L’imbroglio des CGV dans le e-commerce camerounais.

L’amateurisme des prestataires de e-commerce offre à constater une diversité d’irrégularités sur les CGV qui nécessitent d’être mises en relief.

  • Publication insuffisante et/ou inexactes des informations légales :

Pour plus de transparence sur la politique de vente, la loi énumère limitativement à l’intention des prestataires de sites marchands, les informations légales à « fournir au consommateur de manière claire et compréhensible » mais là s’arrête l’injonction de la loi.
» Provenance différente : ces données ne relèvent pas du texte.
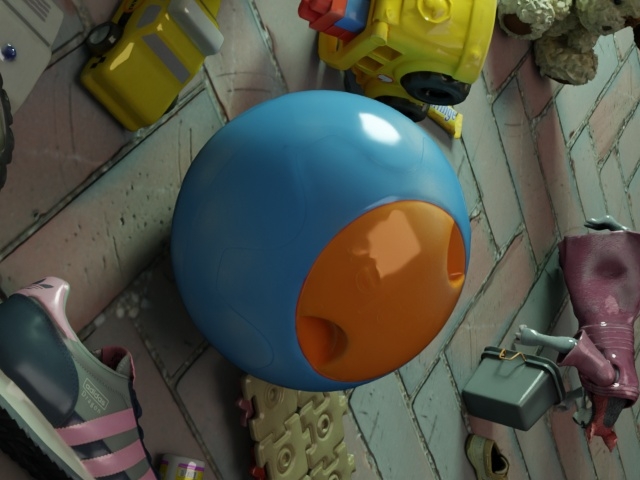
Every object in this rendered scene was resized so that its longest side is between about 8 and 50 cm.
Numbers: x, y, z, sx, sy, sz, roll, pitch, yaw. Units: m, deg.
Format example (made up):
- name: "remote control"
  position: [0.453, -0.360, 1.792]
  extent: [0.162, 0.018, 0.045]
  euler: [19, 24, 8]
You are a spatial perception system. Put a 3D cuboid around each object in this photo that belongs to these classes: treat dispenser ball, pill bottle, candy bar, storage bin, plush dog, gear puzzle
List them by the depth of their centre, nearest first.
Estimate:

Il reste alors l’épineux problème de la distinction entre ces informations exigées, celles qui relèvent des CGV de celles qui relèvent des CGU. Plus encore, certains prestataires, pour des raisons qui leurs sont propres, et notamment le non recours aux conseils juridiques adéquats, passent outre ces exigences et omettent certaines mentions importantes, quand ce n’est pas la formulation des termes de la convention qui ne sont pas conformes. La nouveauté de la discipline et sa lente appropriation par les juristes sont-elles seules à expliquer cette légèreté ? L’appel d’air créé par ce secteur émergeant ouvre un boulevard aux opérateurs uniquement motivés par l’appât du gain, qui s’y engouffrent sans rien comprendre des enjeux.
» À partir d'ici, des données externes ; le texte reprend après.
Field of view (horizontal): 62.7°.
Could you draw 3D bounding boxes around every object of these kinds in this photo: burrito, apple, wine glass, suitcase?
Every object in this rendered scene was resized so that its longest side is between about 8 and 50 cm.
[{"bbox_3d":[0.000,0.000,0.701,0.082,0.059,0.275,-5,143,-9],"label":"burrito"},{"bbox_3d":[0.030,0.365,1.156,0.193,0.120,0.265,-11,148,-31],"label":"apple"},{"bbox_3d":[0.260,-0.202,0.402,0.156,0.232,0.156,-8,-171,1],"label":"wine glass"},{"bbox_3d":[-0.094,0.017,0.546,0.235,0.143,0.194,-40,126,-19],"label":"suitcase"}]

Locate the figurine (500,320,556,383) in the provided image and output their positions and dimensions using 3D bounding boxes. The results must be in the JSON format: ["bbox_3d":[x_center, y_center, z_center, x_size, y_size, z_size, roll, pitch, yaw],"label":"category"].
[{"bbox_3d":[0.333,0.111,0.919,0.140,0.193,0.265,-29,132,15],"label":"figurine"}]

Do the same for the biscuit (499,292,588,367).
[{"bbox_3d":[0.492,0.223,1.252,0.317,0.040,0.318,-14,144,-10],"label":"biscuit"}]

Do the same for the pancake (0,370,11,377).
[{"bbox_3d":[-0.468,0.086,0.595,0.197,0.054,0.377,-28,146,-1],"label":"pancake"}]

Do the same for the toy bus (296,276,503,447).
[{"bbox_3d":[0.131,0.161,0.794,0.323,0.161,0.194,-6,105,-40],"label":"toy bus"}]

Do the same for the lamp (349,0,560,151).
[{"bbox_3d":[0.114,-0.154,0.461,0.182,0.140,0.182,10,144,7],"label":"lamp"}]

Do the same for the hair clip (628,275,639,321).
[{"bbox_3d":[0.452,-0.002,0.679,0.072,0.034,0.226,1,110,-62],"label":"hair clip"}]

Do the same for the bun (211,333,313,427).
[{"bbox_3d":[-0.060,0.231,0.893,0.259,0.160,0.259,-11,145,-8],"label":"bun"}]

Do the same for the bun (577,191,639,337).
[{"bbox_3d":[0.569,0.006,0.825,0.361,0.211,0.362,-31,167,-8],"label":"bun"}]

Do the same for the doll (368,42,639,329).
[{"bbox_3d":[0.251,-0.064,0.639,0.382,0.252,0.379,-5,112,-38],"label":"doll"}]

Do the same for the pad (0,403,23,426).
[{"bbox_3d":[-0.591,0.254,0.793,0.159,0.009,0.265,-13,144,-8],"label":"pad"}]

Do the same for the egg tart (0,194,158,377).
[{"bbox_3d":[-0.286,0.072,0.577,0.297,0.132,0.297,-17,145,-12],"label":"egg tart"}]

  • Publications inexistantes des informations légales :

Outre quelques sites en « .cm », cette grave irrégularité est constatée en majorité sur des sites enregistrés à l’étranger sous les extensions « .fr » et/ou « .com » et ayant des activités commerciales à destination du Cameroun. Ces sites ont pour particularité de ne pas fournir des CGV formelles, « claires et compréhensibles ». L’objectif des CGV étant d’établir la confiance entre les consommateurs et le vendeur, mais aussi d’exonérer ce dernier en cas d’éventuels conflits, leur absence est préjudiciable pour l’acheteur, qui n’a aucune visibilité sur la politique de vente du site marchand. Une analyse du « Who is » pour certains de ces sites, ne permet même pas de retracer le nom et l’adresse du propriétaire ainsi que certaines informations techniques. Ici, c’est le règne de l’opacité.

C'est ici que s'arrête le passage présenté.